Evals in AI Software Engineering: Optimizing Performance and Cost

Evals in AI Software Engineering: Optimizing Performance and Cost

In the rapidly evolving landscape of AI, the selection of the right language model for specific tasks has become a critical engineering decision. This choice impacts not only performance but also significantly affects operational costs. Enter "evals" - evaluation frameworks that serve as the compass guiding AI engineers through the maze of model options and configurations. Let's explore how evals are revolutionizing AI system design, particularly in creating cost-efficient, adaptive systems.

What Are Evals in AI Engineering?

Evals (evaluations) are systematic frameworks designed to assess the performance, capabilities, and limitations of large language models (LLMs) and LLM-powered systems. Unlike casual testing, evals provide structured, reproducible benchmarks that measure how well models perform across various dimensions relevant to your specific use cases.

According to OpenAI's evals framework documentation, evals offer "a framework for evaluating LLMs or systems built using LLMs" and include "an existing registry of evals to test different dimensions" of models [1]. These evaluation frameworks allow engineers to:

  • Compare different models objectively
  • Measure performance improvements over time
  • Identify strengths and weaknesses in specific capabilities
  • Create custom benchmarks aligned with business goals

The Business Case for Rigorous Evals

Why should engineering teams invest time in building robust evaluation frameworks? The answer lies in the substantial impact on both performance and cost.

A McKinsey study emphasized that "AI systems lacking transparent evaluation frameworks often fail to achieve anticipated productivity gains" [2]. Without proper evaluation, organizations risk:

  1. Overspending on unnecessarily powerful models
  2. Deploying models that underperform on critical tasks
  3. Missing opportunities to optimize for specific use cases

The "Right-Sizing" Approach: Using Evals for Model Selection

One of the most powerful applications of evals is determining precisely which model is appropriate for each task or subset of tasks. This approach rejects the "one-size-fits-all" mentality in favor of intelligent matching between task complexity and model capability.

The principle is straightforward: If a cheaper, smaller model passes your carefully designed evals for specific tasks, use it instead of defaulting to the most powerful (and expensive) option.

For example, a simple query about business hours might be handled perfectly well by a smaller, cheaper model, while a complex request for creative content development might require a more sophisticated model. Proper evals help quantify these distinctions objectively.

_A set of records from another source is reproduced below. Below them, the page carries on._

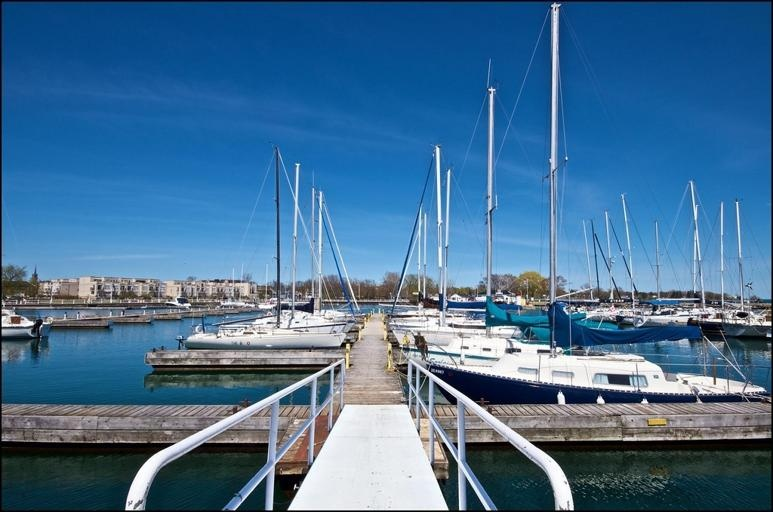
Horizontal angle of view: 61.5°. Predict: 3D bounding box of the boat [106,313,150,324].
[{"bbox_3d":[-21.752,5.442,55.547,3.614,0.819,2.584,1,-7,-37],"label":"boat"}]
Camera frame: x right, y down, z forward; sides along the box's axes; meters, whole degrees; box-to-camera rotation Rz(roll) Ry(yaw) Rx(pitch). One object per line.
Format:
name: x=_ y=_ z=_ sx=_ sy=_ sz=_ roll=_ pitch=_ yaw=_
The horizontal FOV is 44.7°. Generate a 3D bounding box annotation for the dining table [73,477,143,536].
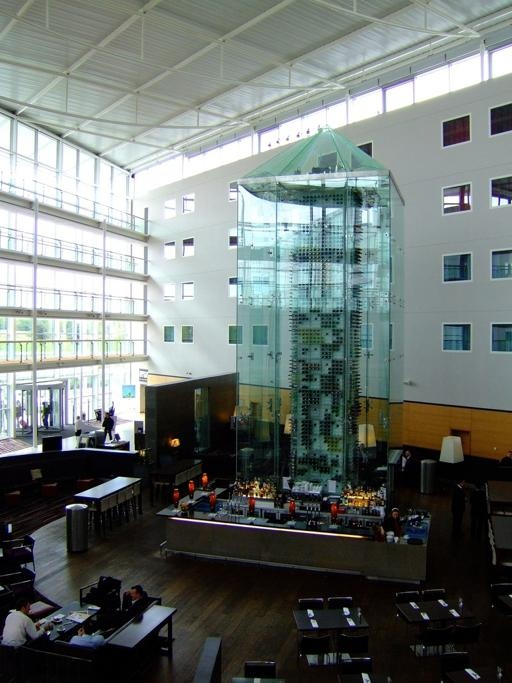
dining table: x=-3.118 y=3.532 z=13.430 sx=0.590 sy=0.757 sz=1.547 roll=-3 pitch=2 yaw=23

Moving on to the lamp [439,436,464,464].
lamp: x=4.924 y=2.750 z=15.838 sx=0.707 sy=0.844 sz=0.668 roll=-4 pitch=-2 yaw=20

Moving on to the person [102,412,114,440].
person: x=-4.830 y=2.795 z=20.264 sx=0.296 sy=1.032 sz=1.282 roll=-1 pitch=3 yaw=-14

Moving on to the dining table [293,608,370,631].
dining table: x=0.955 y=3.719 z=8.212 sx=0.926 sy=0.226 sz=0.632 roll=0 pitch=3 yaw=-7
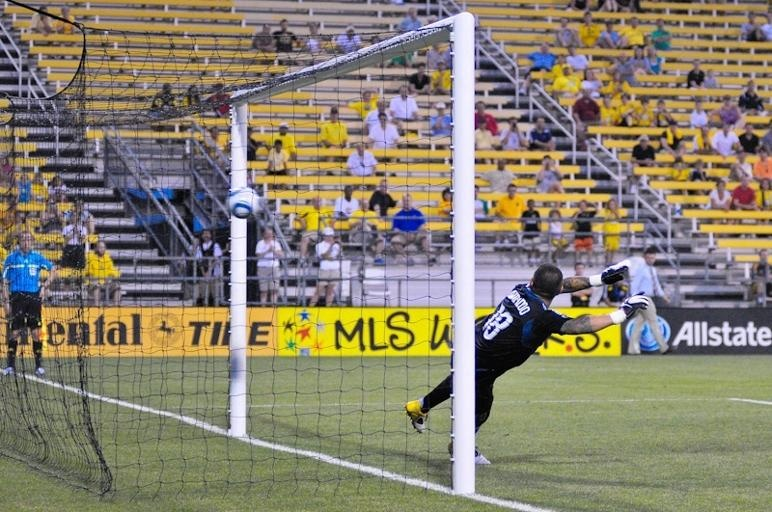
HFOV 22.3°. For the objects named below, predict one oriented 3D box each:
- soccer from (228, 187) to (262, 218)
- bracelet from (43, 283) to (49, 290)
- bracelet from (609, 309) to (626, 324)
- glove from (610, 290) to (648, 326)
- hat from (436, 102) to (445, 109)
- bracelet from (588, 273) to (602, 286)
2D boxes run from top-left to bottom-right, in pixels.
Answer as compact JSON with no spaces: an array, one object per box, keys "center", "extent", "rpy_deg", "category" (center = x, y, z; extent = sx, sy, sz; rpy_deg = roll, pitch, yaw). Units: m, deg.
[{"center":[-2.889,-1.107,40.098],"extent":[0.630,0.633,0.407],"rpy_deg":[-1,2,-7],"category":"soccer"},{"center":[-7.701,0.652,44.371],"extent":[0.149,0.136,0.033],"rpy_deg":[13,3,-7],"category":"bracelet"},{"center":[4.628,1.191,38.950],"extent":[0.229,0.240,0.319],"rpy_deg":[-2,-11,0],"category":"bracelet"},{"center":[4.904,1.097,39.006],"extent":[0.735,0.320,0.514],"rpy_deg":[-31,21,-9],"category":"glove"},{"center":[1.445,-3.938,51.027],"extent":[0.274,0.129,0.404],"rpy_deg":[-1,4,6],"category":"hat"},{"center":[4.322,0.448,39.952],"extent":[0.217,0.202,0.250],"rpy_deg":[3,22,36],"category":"bracelet"}]

Model Cascades: The Intelligent Escalation Approach

Taking the right-sizing concept further, innovative AI engineers are now implementing "model cascades" - tiered architectures where queries are dynamically routed between models of different capabilities and costs based on task complexity.

How Model Cascades Work

A model cascade typically follows this process:

  1. Initial Assessment: An incoming query is first analyzed for complexity
  2. Basic Handling: Simple queries are routed to smaller, cheaper models
  3. Evaluation: The system evaluates whether the response meets quality thresholds
  4. Escalation When Needed: If quality thresholds aren't met, the query is escalated to more powerful models
  5. Continuous Learning: The system learns which types of queries are best handled by which models

This approach has shown impressive results. According to one case study, implementing a cascade architecture resulted in approximately 30% cost savings without sacrificing quality [3]. Another research paper noted that "building LLM cascades for saving the cost of few-shot LLMs in reasoning tasks" demonstrated significant efficiency improvements [4].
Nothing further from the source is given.